◆ Task prompt: Transcribe the records below exactly, leaving out any pictures.
Data extract Block Start
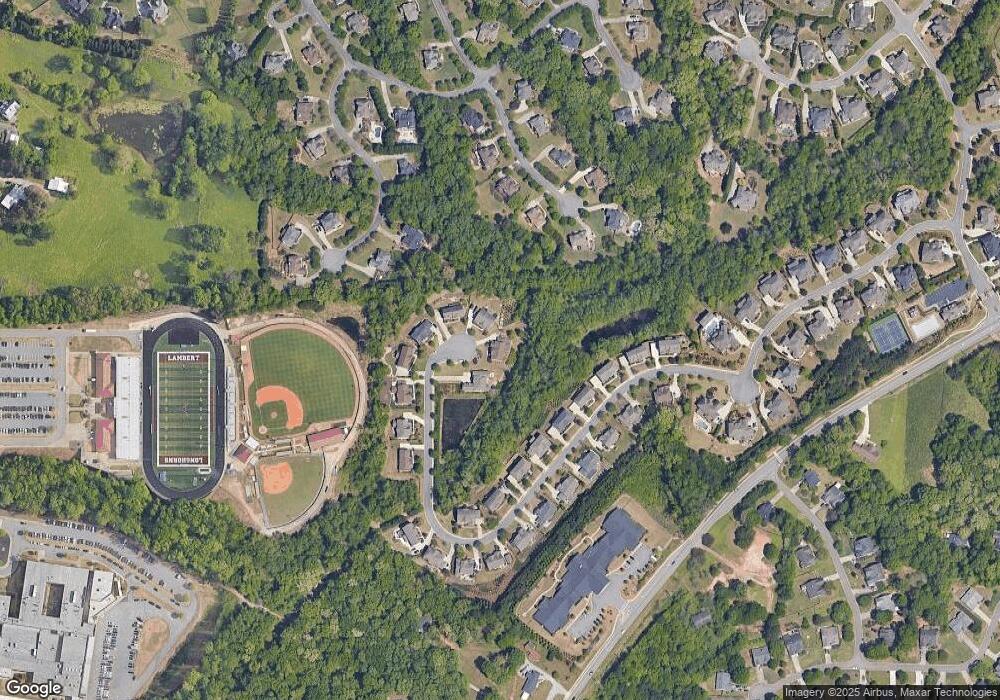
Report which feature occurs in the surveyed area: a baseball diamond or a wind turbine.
baseball diamond
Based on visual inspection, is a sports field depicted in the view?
Yes
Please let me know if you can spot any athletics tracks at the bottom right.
No
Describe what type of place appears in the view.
residential area
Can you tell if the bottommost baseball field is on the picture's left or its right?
left
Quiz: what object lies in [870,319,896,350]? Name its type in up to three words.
tennis court
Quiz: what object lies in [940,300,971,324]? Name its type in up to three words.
building
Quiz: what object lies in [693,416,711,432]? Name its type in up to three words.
swimming pool
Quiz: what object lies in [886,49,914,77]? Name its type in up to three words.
house
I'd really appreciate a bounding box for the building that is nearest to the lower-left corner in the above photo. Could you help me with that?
[0,561,114,698]
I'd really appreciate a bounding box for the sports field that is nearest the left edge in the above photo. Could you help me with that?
[153,328,215,489]
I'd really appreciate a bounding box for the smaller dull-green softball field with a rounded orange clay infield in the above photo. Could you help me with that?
[256,453,325,527]
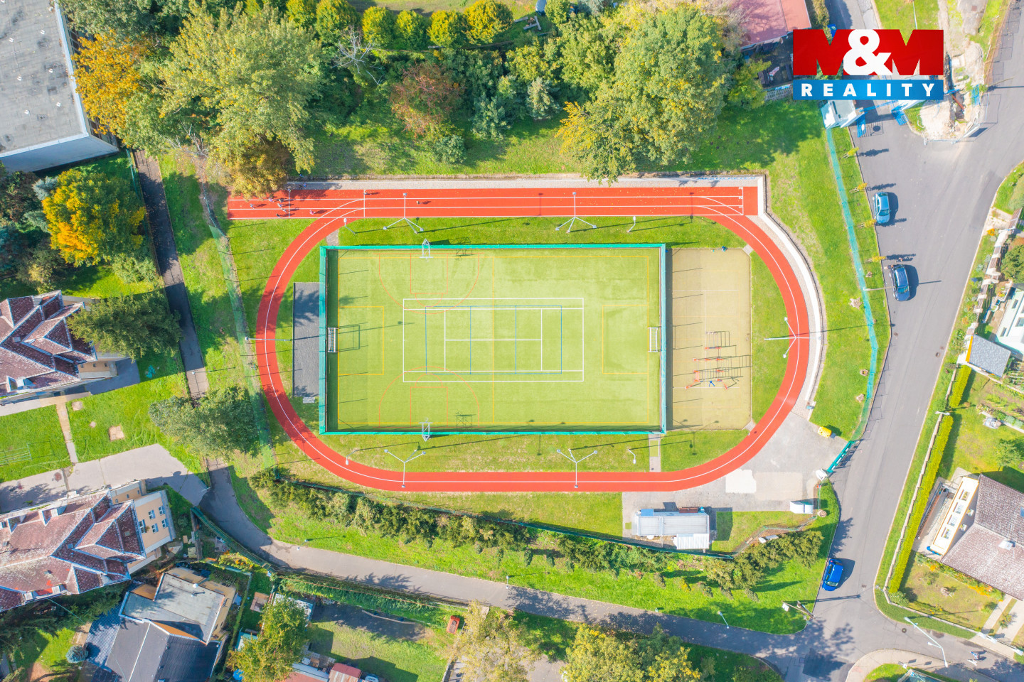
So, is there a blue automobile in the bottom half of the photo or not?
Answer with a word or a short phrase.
Yes
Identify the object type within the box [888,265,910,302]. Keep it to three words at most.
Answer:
car
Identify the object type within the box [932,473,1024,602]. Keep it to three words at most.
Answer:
house
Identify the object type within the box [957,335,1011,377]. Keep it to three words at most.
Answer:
building
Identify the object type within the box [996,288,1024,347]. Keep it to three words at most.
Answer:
house
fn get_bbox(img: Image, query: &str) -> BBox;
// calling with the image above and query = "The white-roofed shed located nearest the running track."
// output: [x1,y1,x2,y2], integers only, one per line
[632,509,709,537]
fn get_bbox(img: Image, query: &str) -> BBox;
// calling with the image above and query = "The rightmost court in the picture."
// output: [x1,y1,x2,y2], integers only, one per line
[667,248,752,430]
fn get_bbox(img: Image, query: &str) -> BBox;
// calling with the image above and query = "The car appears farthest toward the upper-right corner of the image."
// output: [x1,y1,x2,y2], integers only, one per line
[872,191,891,225]
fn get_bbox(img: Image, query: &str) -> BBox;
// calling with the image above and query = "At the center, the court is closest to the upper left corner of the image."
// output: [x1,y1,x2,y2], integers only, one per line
[327,248,661,431]
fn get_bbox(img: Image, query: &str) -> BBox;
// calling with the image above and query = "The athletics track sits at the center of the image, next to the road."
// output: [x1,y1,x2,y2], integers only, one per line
[227,186,809,492]
Data extract Block End
◆ Output of the task:
Report which feature occurs in the surveyed area: a baseball diamond or a wind turbine.
baseball diamond
Based on visual inspection, is a sports field depicted in the view?
Yes
Please let me know if you can spot any athletics tracks at the bottom right.
No
Describe what type of place appears in the view.
residential area
Can you tell if the bottommost baseball field is on the picture's left or its right?
left
Quiz: what object lies in [870,319,896,350]? Name its type in up to three words.
tennis court
Quiz: what object lies in [940,300,971,324]? Name its type in up to three words.
building
Quiz: what object lies in [693,416,711,432]? Name its type in up to three words.
swimming pool
Quiz: what object lies in [886,49,914,77]? Name its type in up to three words.
house
I'd really appreciate a bounding box for the building that is nearest to the lower-left corner in the above photo. Could you help me with that?
[0,561,114,698]
I'd really appreciate a bounding box for the sports field that is nearest the left edge in the above photo. Could you help me with that?
[153,328,215,489]
I'd really appreciate a bounding box for the smaller dull-green softball field with a rounded orange clay infield in the above photo. Could you help me with that?
[256,453,325,527]
So, is there a blue automobile in the bottom half of the photo or not?
Answer with a word or a short phrase.
Yes
Identify the object type within the box [888,265,910,302]. Keep it to three words at most.
Answer:
car
Identify the object type within the box [932,473,1024,602]. Keep it to three words at most.
Answer:
house
Identify the object type within the box [957,335,1011,377]. Keep it to three words at most.
Answer:
building
Identify the object type within the box [996,288,1024,347]. Keep it to three words at most.
Answer:
house
fn get_bbox(img: Image, query: &str) -> BBox;
// calling with the image above and query = "The white-roofed shed located nearest the running track."
// output: [x1,y1,x2,y2], integers only, one per line
[632,509,709,537]
fn get_bbox(img: Image, query: &str) -> BBox;
// calling with the image above and query = "The rightmost court in the picture."
// output: [x1,y1,x2,y2], integers only, one per line
[667,248,752,430]
fn get_bbox(img: Image, query: &str) -> BBox;
// calling with the image above and query = "The car appears farthest toward the upper-right corner of the image."
// output: [x1,y1,x2,y2], integers only, one per line
[872,191,891,225]
fn get_bbox(img: Image, query: &str) -> BBox;
// calling with the image above and query = "At the center, the court is closest to the upper left corner of the image."
// output: [x1,y1,x2,y2], integers only, one per line
[327,248,661,431]
fn get_bbox(img: Image, query: &str) -> BBox;
// calling with the image above and query = "The athletics track sits at the center of the image, next to the road."
// output: [x1,y1,x2,y2], integers only, one per line
[227,186,809,492]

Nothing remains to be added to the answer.